Бенфилду страстно хотелось последовать за «линкольном», но Голос тихо шептал, успокаивая его, давая ему понять, что он им нужен и они оберегают его, снова избавляя Бенфилда от головной боли. Некоторое время он стоял неподвижно, вокруг него свистел и завывал ветер, потом он вернулся к машине. Ведя «фольксваген» вниз, к городу, он включил приемник и настроился на станцию, передающую религиозные гимны. Он крутил руль и подпевал, счастливый и уверенный в том, что воля Мастера будет исполнена.
Часть вторая. Суббота, 26 октябряБЕСПОКОЙСТВО
Солнце взошло над горами Сан-Габриэль, словно красно-апельсиновый взрыв, окрасив небо в серо-стальной цвет, который по мере того, как зрело утро, переходил в голубой. Щупальца желтоватого тумана стлались низко над грунтом, словно какой-то гигантский осьминог пытался прилипнуть к стенам небоскребов из стали и стекла или к бетонным стенам пульсирующих кипучей работой фабрик, или к полдюжине шоссе с уже оживающим движением. Зябкие тени, остатки ночной темноты, поспешно скрылись под лучами солнца, как остатки разбитой армии, бегущей перед наступлением победителя.

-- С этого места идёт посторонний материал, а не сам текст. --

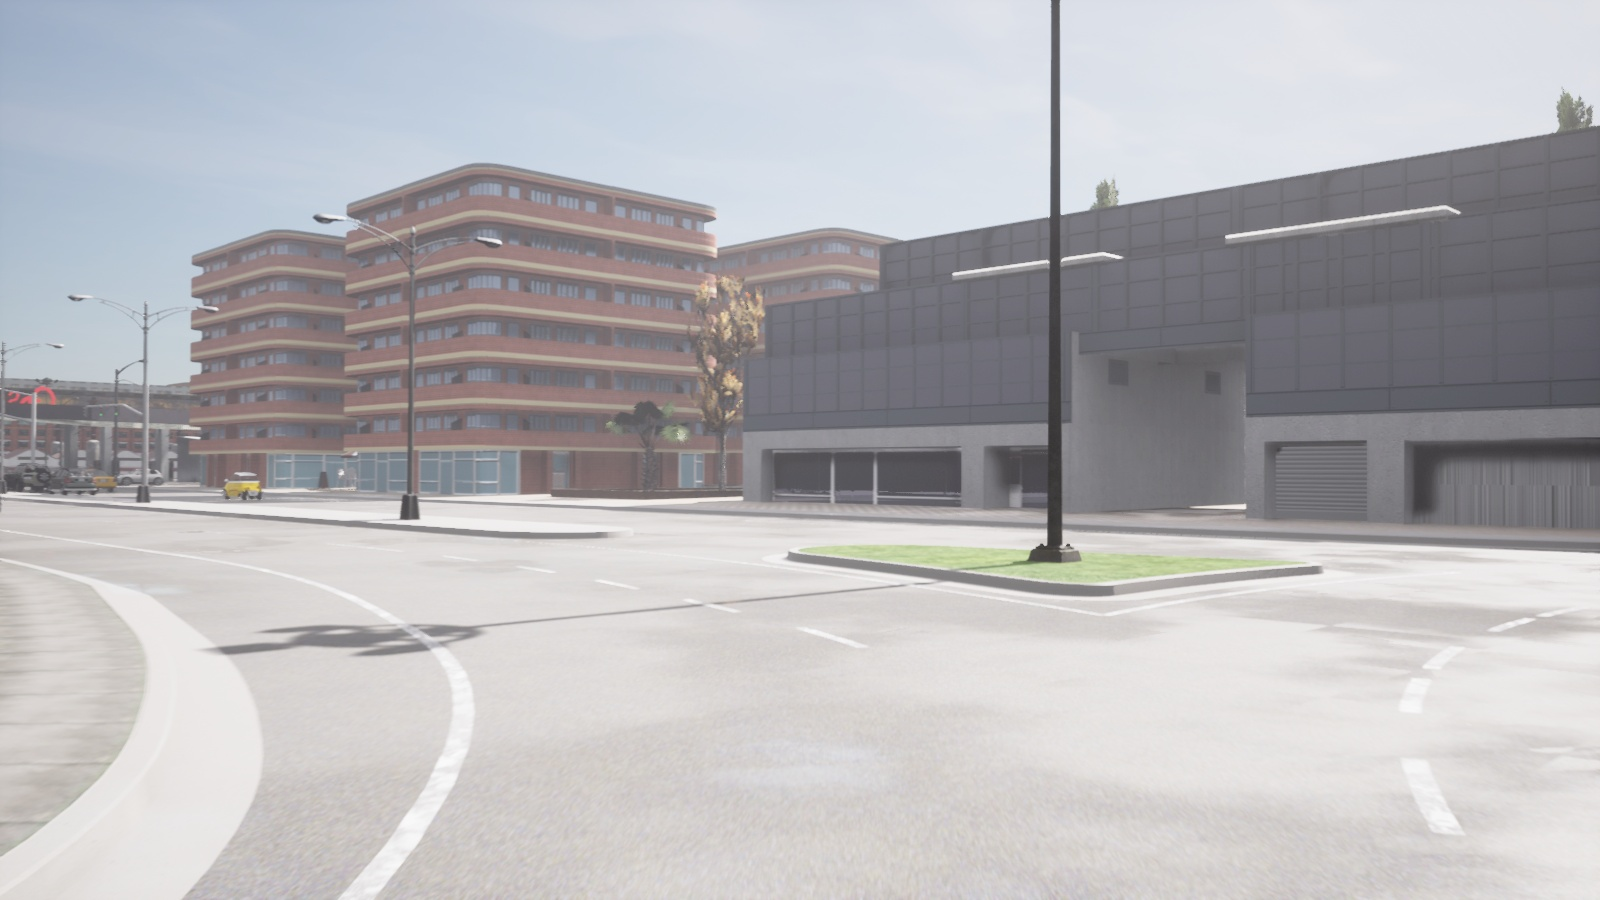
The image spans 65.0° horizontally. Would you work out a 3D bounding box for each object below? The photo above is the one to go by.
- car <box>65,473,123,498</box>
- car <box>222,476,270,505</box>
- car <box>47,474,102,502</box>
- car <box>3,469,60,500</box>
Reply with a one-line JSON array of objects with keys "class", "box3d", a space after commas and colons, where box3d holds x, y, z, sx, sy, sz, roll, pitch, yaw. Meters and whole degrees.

Энди Палатазин стоял перед открытой дверцей шкафа в спальне и тщательно выбирал галстук. На нем были свободные темно-голубые брюки и светло-голубая рубашка с аккуратно отутюженным воротничком. Он остановил выбор на зеленом с голубыми и красными крапинками галстуке, потом вышел в коридор, облокотясь слегка на перила лестницы. Он слышал позвякивание посуды в кухне внизу, где Джоанна готовила завтрак. Оттуда доносился аппетитный запах жареных сосисок с картошкой, от которого во рту сразу появилась слюна. Он позвал жену:
— Джо, погляди на меня!
Джоанна тут же вышла из кухни. Ее седеющие волосы были стянуты на затылке в плотный узел. На ней был темно-зеленый халат, на ногах — шлепанцы.
— Ну-ка, ну-ка, — сказала она.
Энди поднял галстук, выставляя его на обозрение, и одновременно вопросительно приподнял брови.
— Ишонию, — сказала жена, — отвратительно. Особенно с этой рубашкой. Надень темно-голубой.
— На нем пятно.
— Тогда вот тот, в сине-красную полоску.
— Этот мне не нравится.
— Потому что его подарил тебе мой брат, — пробормотала она и покачала головой.
— А чем тебе этот не по вкусу? — Он покачал рукой, и зеленый галстук зашевелился, как змея.
— Ничем… надевай, если хочешь быть похожим на клоуна. Но… он тебе… не идет! — Она втянула носом воздух. — Картошка подгорела! Видишь, что ты наделал!
Она стремительно повернулась и исчезла на кухне.
— Твой брат тут ни при чем! — крикнул он ей вслед. Он слышал, что она что-то ответила, но не мог разобрать слов, поэтому пожал плечами и вернулся обратно в спальню. Взгляд его упал на кресло-качалку возле окна, и он некоторое время стоял, глядя на него. Потом подошел к креслу, толстым пальцем толкнул один из подлокотников. Кресло тихо заскрипело, покачиваясь. «Неужели прошлой ночью мне приснился сон? — спросил он себя. — Или мне в самом деле явилось видение, призрак, сидящий в этом кресле? Нет, конечно, это был всего лишь сон. Мама умерла, похоронена и покоится с миром».